***** DATA SUPPLIED *****

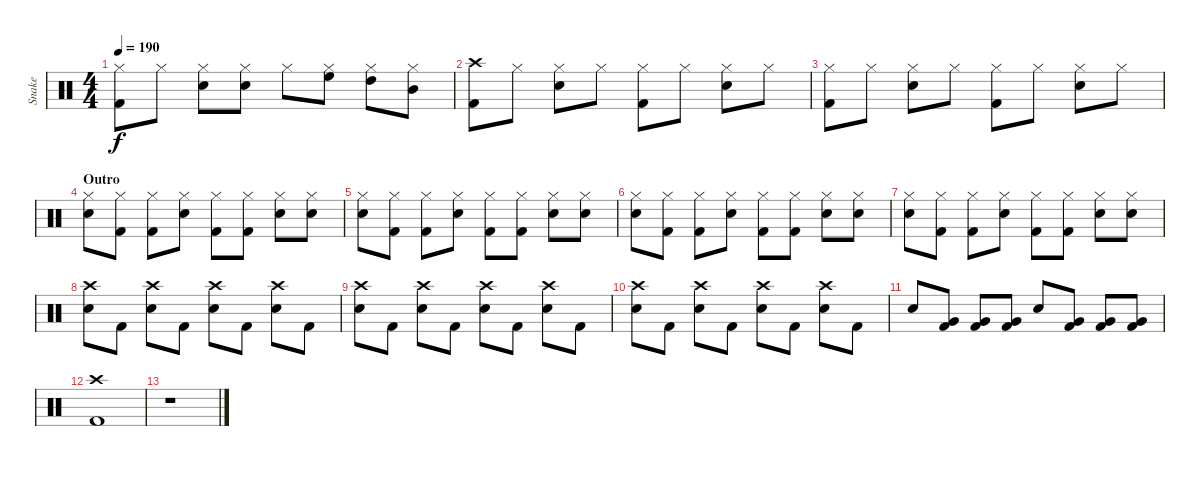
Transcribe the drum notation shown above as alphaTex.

\track ("Snake" "Snake") {instrument percussion}
\staff {score}
\articulation defaults
\ts (4 4)
\tempo 190
\clef neutral
\ks c
("Hi-Hat (closed)" "Kick (hit) 2").8{dy f} "Hi-Hat (closed)".8 ("Hi-Hat (closed)" "Snare (hit) 2").8 ("Hi-Hat (closed)" "Snare (hit) 2").8 "Hi-Hat (closed)".8 ("Hi-Hat (closed)" "High Floor Tom (hit)").8 ("Hi-Hat (closed)" "High Tom (hit)").8 ("Hi-Hat (closed)" "Mid Tom (hit)").8 |
("Crash high (hit)" "Kick (hit) 2").8 "Hi-Hat (closed)".8 ("Hi-Hat (closed)" "Snare (hit) 2").8 "Hi-Hat (closed)".8 ("Hi-Hat (closed)" "Kick (hit) 2").8 "Hi-Hat (closed)".8 ("Hi-Hat (closed)" "Snare (hit) 2").8 "Hi-Hat (closed)".8 |
("Hi-Hat (closed)" "Kick (hit) 2").8 "Hi-Hat (closed)".8 ("Hi-Hat (closed)" "Snare (hit) 2").8 "Hi-Hat (closed)".8 ("Hi-Hat (closed)" "Kick (hit) 2").8 "Hi-Hat (closed)".8 ("Hi-Hat (closed)" "Snare (hit) 2").8 "Hi-Hat (closed)".8 |
\section ("" "Outro")
("Hi-Hat (closed)" "Snare (hit) 2").8 ("Hi-Hat (closed)" "Kick (hit) 2").8 ("Hi-Hat (closed)" "Kick (hit) 2").8 ("Hi-Hat (closed)" "Snare (hit) 2").8 ("Hi-Hat (closed)" "Kick (hit) 2").8 ("Hi-Hat (closed)" "Kick (hit) 2").8 ("Hi-Hat (closed)" "Snare (hit) 2").8 ("Hi-Hat (closed)" "Snare (hit) 2").8 |
("Hi-Hat (closed)" "Snare (hit) 2").8 ("Hi-Hat (closed)" "Kick (hit) 2").8 ("Hi-Hat (closed)" "Kick (hit) 2").8 ("Hi-Hat (closed)" "Snare (hit) 2").8 ("Hi-Hat (closed)" "Kick (hit) 2").8 ("Hi-Hat (closed)" "Kick (hit) 2").8 ("Hi-Hat (closed)" "Snare (hit) 2").8 ("Hi-Hat (closed)" "Snare (hit) 2").8 |
("Hi-Hat (closed)" "Snare (hit) 2").8 ("Hi-Hat (closed)" "Kick (hit) 2").8 ("Hi-Hat (closed)" "Kick (hit) 2").8 ("Hi-Hat (closed)" "Snare (hit) 2").8 ("Hi-Hat (closed)" "Kick (hit) 2").8 ("Hi-Hat (closed)" "Kick (hit) 2").8 ("Hi-Hat (closed)" "Snare (hit) 2").8 ("Hi-Hat (closed)" "Snare (hit) 2").8 |
("Hi-Hat (closed)" "Snare (hit) 2").8 ("Hi-Hat (closed)" "Kick (hit) 2").8 ("Hi-Hat (closed)" "Kick (hit) 2").8 ("Hi-Hat (closed)" "Snare (hit) 2").8 ("Hi-Hat (closed)" "Kick (hit) 2").8 ("Hi-Hat (closed)" "Kick (hit) 2").8 ("Hi-Hat (closed)" "Snare (hit) 2").8 ("Hi-Hat (closed)" "Snare (hit) 2").8 |
("Crash high (hit)" "Snare (hit) 2").8 "Kick (hit) 2".8 ("Crash high (hit)" "Snare (hit) 2").8 "Kick (hit) 2".8 ("Crash high (hit)" "Snare (hit) 2").8 "Kick (hit) 2".8 ("Crash high (hit)" "Snare (hit) 2").8 "Kick (hit) 2".8 |
("Crash high (hit)" "Snare (hit) 2").8 "Kick (hit) 2".8 ("Crash high (hit)" "Snare (hit) 2").8 "Kick (hit) 2".8 ("Crash high (hit)" "Snare (hit) 2").8 "Kick (hit) 2".8 ("Crash high (hit)" "Snare (hit) 2").8 "Kick (hit) 2".8 |
("Crash high (hit)" "Snare (hit) 2").8 "Kick (hit) 2".8 ("Crash high (hit)" "Snare (hit) 2").8 "Kick (hit) 2".8 ("Crash high (hit)" "Snare (hit) 2").8 "Kick (hit) 2".8 ("Crash high (hit)" "Snare (hit) 2").8 "Kick (hit) 2".8 |
"Snare (hit) 2".8 ("Very Low Tom (hit)" "Kick (hit) 2").8 ("Very Low Tom (hit)" "Kick (hit) 2").8 ("Very Low Tom (hit)" "Kick (hit) 2").8 "Snare (hit) 2".8 ("Very Low Tom (hit)" "Kick (hit) 2").8 ("Very Low Tom (hit)" "Kick (hit) 2").8 ("Very Low Tom (hit)" "Kick (hit) 2").8 |
("Crash high (hit)" "Kick (hit) 2").1 |
r.1

*****

### WHAT YOU NEED TO DO:
Write the records out exactly, dropping every image.

### SOLUTION TO THE PROBLEM:
Transcribe the drum notation shown above as alphaTex.

\track ("Snake" "Snake") {instrument percussion}
\staff {score}
\articulation defaults
\ts (4 4)
\tempo 190
\clef neutral
\ks c
("Hi-Hat (closed)" "Kick (hit) 2").8{dy f} "Hi-Hat (closed)".8 ("Hi-Hat (closed)" "Snare (hit) 2").8 ("Hi-Hat (closed)" "Snare (hit) 2").8 "Hi-Hat (closed)".8 ("Hi-Hat (closed)" "High Floor Tom (hit)").8 ("Hi-Hat (closed)" "High Tom (hit)").8 ("Hi-Hat (closed)" "Mid Tom (hit)").8 |
("Crash high (hit)" "Kick (hit) 2").8 "Hi-Hat (closed)".8 ("Hi-Hat (closed)" "Snare (hit) 2").8 "Hi-Hat (closed)".8 ("Hi-Hat (closed)" "Kick (hit) 2").8 "Hi-Hat (closed)".8 ("Hi-Hat (closed)" "Snare (hit) 2").8 "Hi-Hat (closed)".8 |
("Hi-Hat (closed)" "Kick (hit) 2").8 "Hi-Hat (closed)".8 ("Hi-Hat (closed)" "Snare (hit) 2").8 "Hi-Hat (closed)".8 ("Hi-Hat (closed)" "Kick (hit) 2").8 "Hi-Hat (closed)".8 ("Hi-Hat (closed)" "Snare (hit) 2").8 "Hi-Hat (closed)".8 |
\section ("" "Outro")
("Hi-Hat (closed)" "Snare (hit) 2").8 ("Hi-Hat (closed)" "Kick (hit) 2").8 ("Hi-Hat (closed)" "Kick (hit) 2").8 ("Hi-Hat (closed)" "Snare (hit) 2").8 ("Hi-Hat (closed)" "Kick (hit) 2").8 ("Hi-Hat (closed)" "Kick (hit) 2").8 ("Hi-Hat (closed)" "Snare (hit) 2").8 ("Hi-Hat (closed)" "Snare (hit) 2").8 |
("Hi-Hat (closed)" "Snare (hit) 2").8 ("Hi-Hat (closed)" "Kick (hit) 2").8 ("Hi-Hat (closed)" "Kick (hit) 2").8 ("Hi-Hat (closed)" "Snare (hit) 2").8 ("Hi-Hat (closed)" "Kick (hit) 2").8 ("Hi-Hat (closed)" "Kick (hit) 2").8 ("Hi-Hat (closed)" "Snare (hit) 2").8 ("Hi-Hat (closed)" "Snare (hit) 2").8 |
("Hi-Hat (closed)" "Snare (hit) 2").8 ("Hi-Hat (closed)" "Kick (hit) 2").8 ("Hi-Hat (closed)" "Kick (hit) 2").8 ("Hi-Hat (closed)" "Snare (hit) 2").8 ("Hi-Hat (closed)" "Kick (hit) 2").8 ("Hi-Hat (closed)" "Kick (hit) 2").8 ("Hi-Hat (closed)" "Snare (hit) 2").8 ("Hi-Hat (closed)" "Snare (hit) 2").8 |
("Hi-Hat (closed)" "Snare (hit) 2").8 ("Hi-Hat (closed)" "Kick (hit) 2").8 ("Hi-Hat (closed)" "Kick (hit) 2").8 ("Hi-Hat (closed)" "Snare (hit) 2").8 ("Hi-Hat (closed)" "Kick (hit) 2").8 ("Hi-Hat (closed)" "Kick (hit) 2").8 ("Hi-Hat (closed)" "Snare (hit) 2").8 ("Hi-Hat (closed)" "Snare (hit) 2").8 |
("Crash high (hit)" "Snare (hit) 2").8 "Kick (hit) 2".8 ("Crash high (hit)" "Snare (hit) 2").8 "Kick (hit) 2".8 ("Crash high (hit)" "Snare (hit) 2").8 "Kick (hit) 2".8 ("Crash high (hit)" "Snare (hit) 2").8 "Kick (hit) 2".8 |
("Crash high (hit)" "Snare (hit) 2").8 "Kick (hit) 2".8 ("Crash high (hit)" "Snare (hit) 2").8 "Kick (hit) 2".8 ("Crash high (hit)" "Snare (hit) 2").8 "Kick (hit) 2".8 ("Crash high (hit)" "Snare (hit) 2").8 "Kick (hit) 2".8 |
("Crash high (hit)" "Snare (hit) 2").8 "Kick (hit) 2".8 ("Crash high (hit)" "Snare (hit) 2").8 "Kick (hit) 2".8 ("Crash high (hit)" "Snare (hit) 2").8 "Kick (hit) 2".8 ("Crash high (hit)" "Snare (hit) 2").8 "Kick (hit) 2".8 |
"Snare (hit) 2".8 ("Very Low Tom (hit)" "Kick (hit) 2").8 ("Very Low Tom (hit)" "Kick (hit) 2").8 ("Very Low Tom (hit)" "Kick (hit) 2").8 "Snare (hit) 2".8 ("Very Low Tom (hit)" "Kick (hit) 2").8 ("Very Low Tom (hit)" "Kick (hit) 2").8 ("Very Low Tom (hit)" "Kick (hit) 2").8 |
("Crash high (hit)" "Kick (hit) 2").1 |
r.1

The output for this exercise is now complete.